Many people died if they had a heart attack. Many of my relatives and friends. One boy (in my high school) died of a sudden heart attack in his sleep. Life span was much shorter than now. My brothers (all 5) had open heart surgery,one had many operations and is still living at age 82 he will be 83 in June. Had my father or father in-law had the same surgeries they may have well lived for many more years!

I think I read death rates from heart attacks and strokes declined about 60% from 1950 to about 2000, and I think death rates declined about 30% from 2000-2010. So there have been tons of advances in averting/delaying death.

http://www.cdc.gov/mmwr/preview/mmwrhtml/mm4830a1.htm

But my grandfather had his first heart attack in the 1960s when he was in his 40s. He survived, had 2 more (one when he was in his 60s, another in his 70s) and lived to be 81. People like LBJ had heart attacks and lived productive lives for years afterwards. An older coworker had her father have his first in this 30s, and he lived until his 70s and died of cancer, not heart disease.

My dad took the hint and tried to be proactive about his heart health since he knew it ran in the family. He was on several meds for hypertension, cholesterol, triglycerides, etc. He had a triple bypass when he was almost 60 anyway.

I guess I feel sort of despondent. If my dad took the hint and tried to be proactive (he was on at least 10 different medicines and supplements to help his cardiovascular system. Maybe 3 anti-hypertensives, 3 or 4 anti-cholesterol meds, blood thinners, various supplements, etc for years before his event. My dad works in medicine so he has good health insurance) and has 3 blockages before he is 60 anyway, then what is the use? But if people could survive even before all these meds, then maybe my dad, myself and my brothers all have hope. My grandfather survived a long time. Maybe all my dad did was delay his first heart attack with all those meds, but he still survived it.

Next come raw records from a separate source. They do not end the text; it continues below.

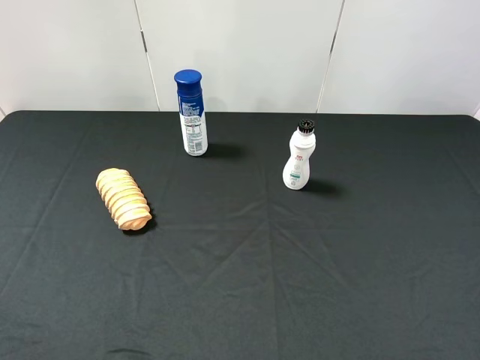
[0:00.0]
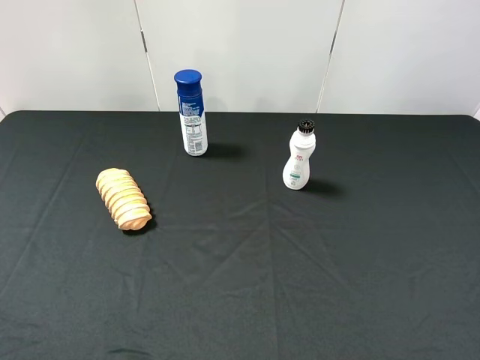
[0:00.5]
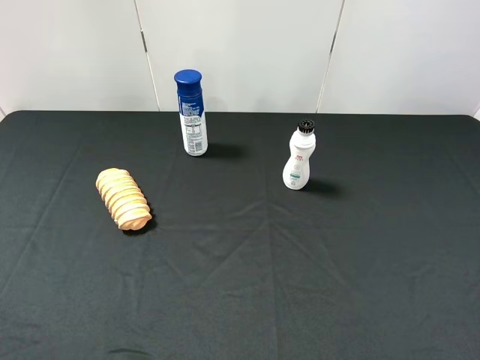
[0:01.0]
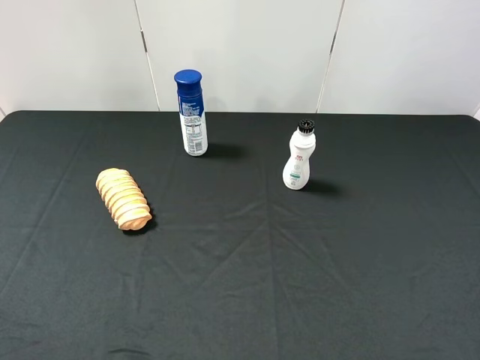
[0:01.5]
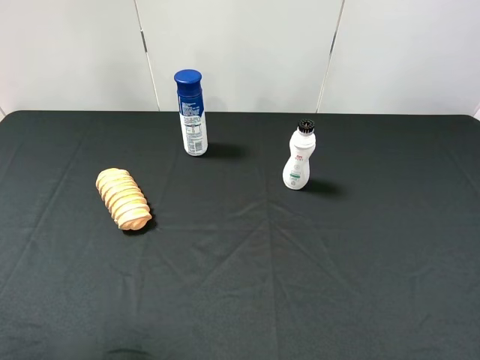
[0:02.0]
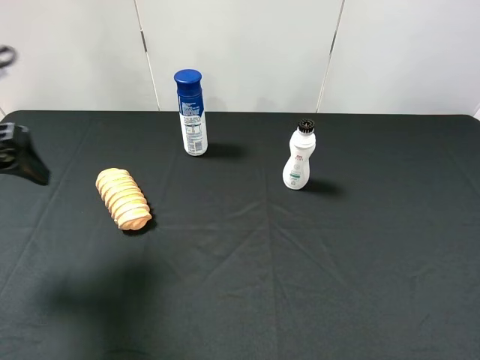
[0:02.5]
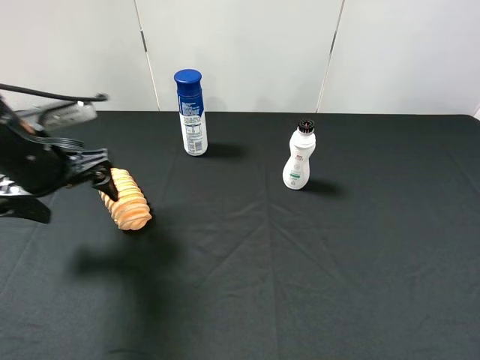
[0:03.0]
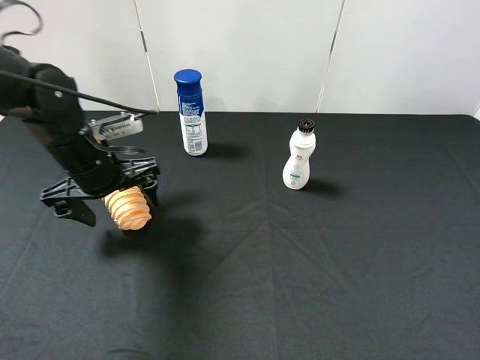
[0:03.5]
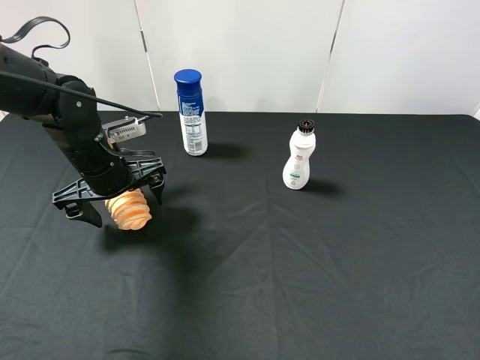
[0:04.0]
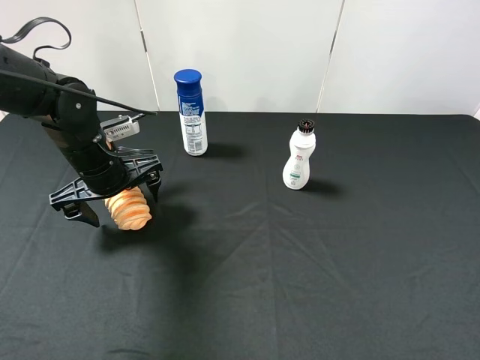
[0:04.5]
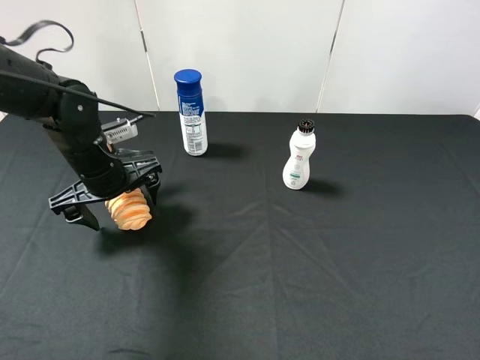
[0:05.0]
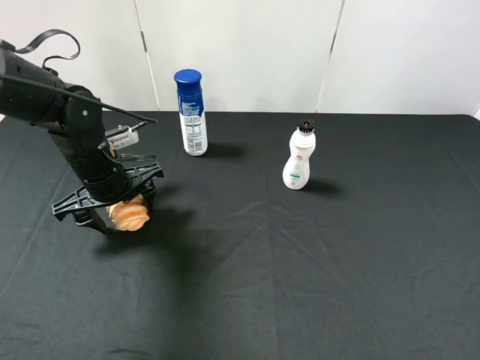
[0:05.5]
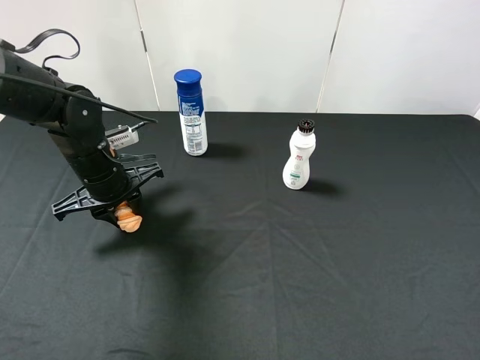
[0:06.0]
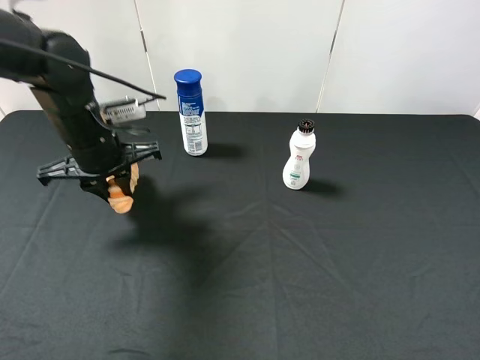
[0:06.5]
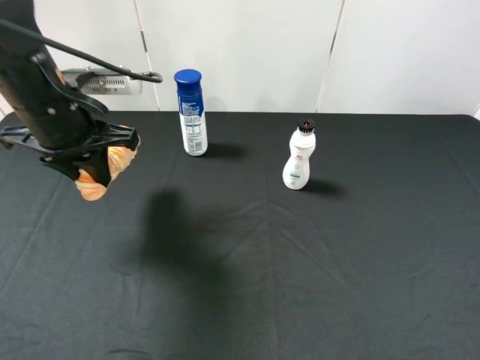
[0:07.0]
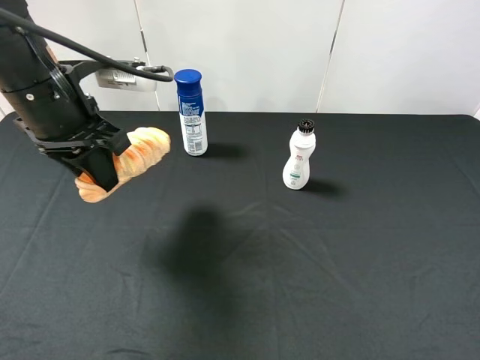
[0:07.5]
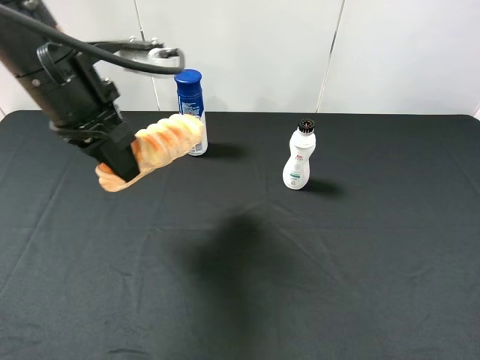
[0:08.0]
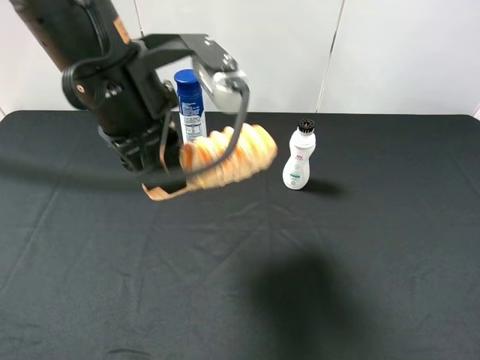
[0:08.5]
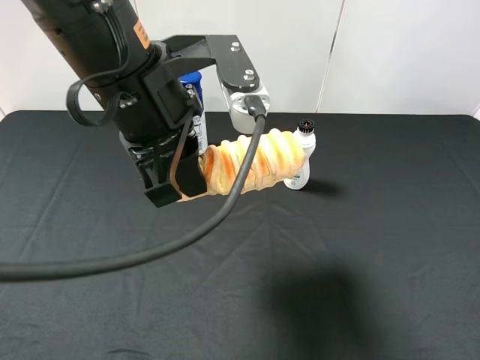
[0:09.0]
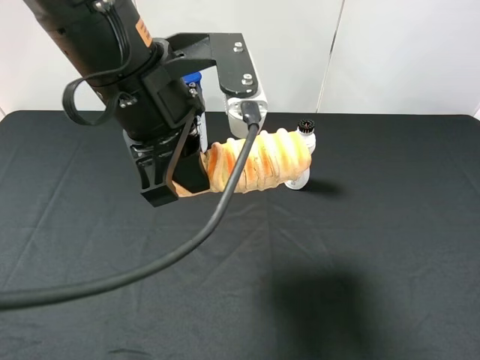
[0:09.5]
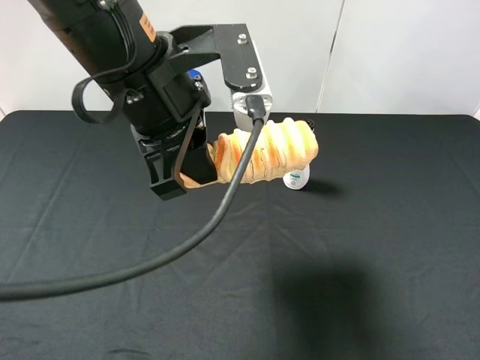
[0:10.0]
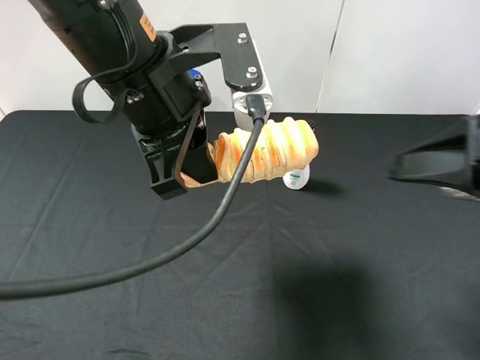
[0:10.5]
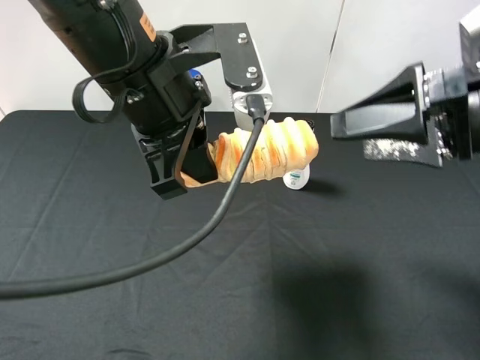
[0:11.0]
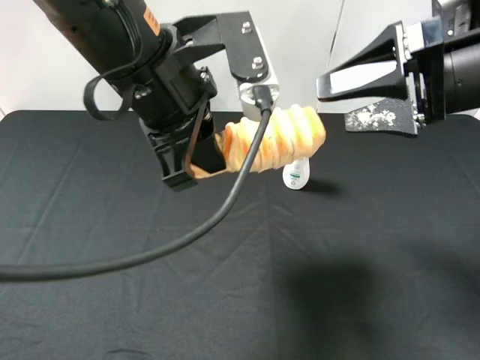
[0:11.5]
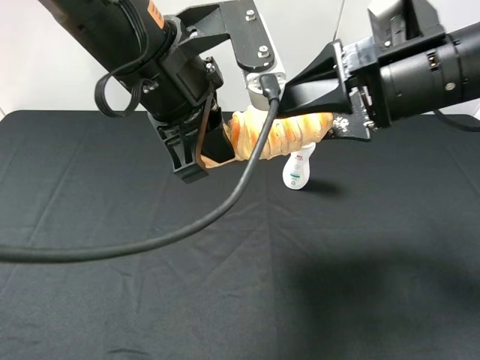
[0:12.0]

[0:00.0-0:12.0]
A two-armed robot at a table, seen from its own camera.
Task of the whole recording: use the left gripper to pick up the item and transfer it from the left gripper to the right gripper.
0:02.0 to 0:04.0: The left gripper shifts about 30 cm forward, downward and to the right.
0:04.0 to 0:06.0: The left gripper closes up.
0:06.0 to 0:08.0: The left gripper travels upward by about 15 cm.
0:08.0 to 0:10.0: The left gripper is displaced to the right by about 10 cm.
0:10.0 to 0:12.0: The right gripper shifts approximately 25 cm forward and to the left.

I asked him why a stress test never detected the blockages and he said ‘I never got a stress test’. WTF. Why would you take all those medicines to overcome your genetic predisposition and never get a stress test to make sure they are working? He didn’t find out he had all those blockages until he had a heart attack at 2 in the morning one day.

I knew someone who had a heart attack at age 18. He died in his 60’s back in 1995-ish.

My father had one in 1962, when we were in the Congo. He was in the hospital for about two months before he stabilized enough so that we could go home. I’m pretty sure he was put on warfarin, but it was mostly bed rest.
He is still alive. He had another heart attack about four years ago - stents were put in, and he was out of the hospital, at 89, in 2 days.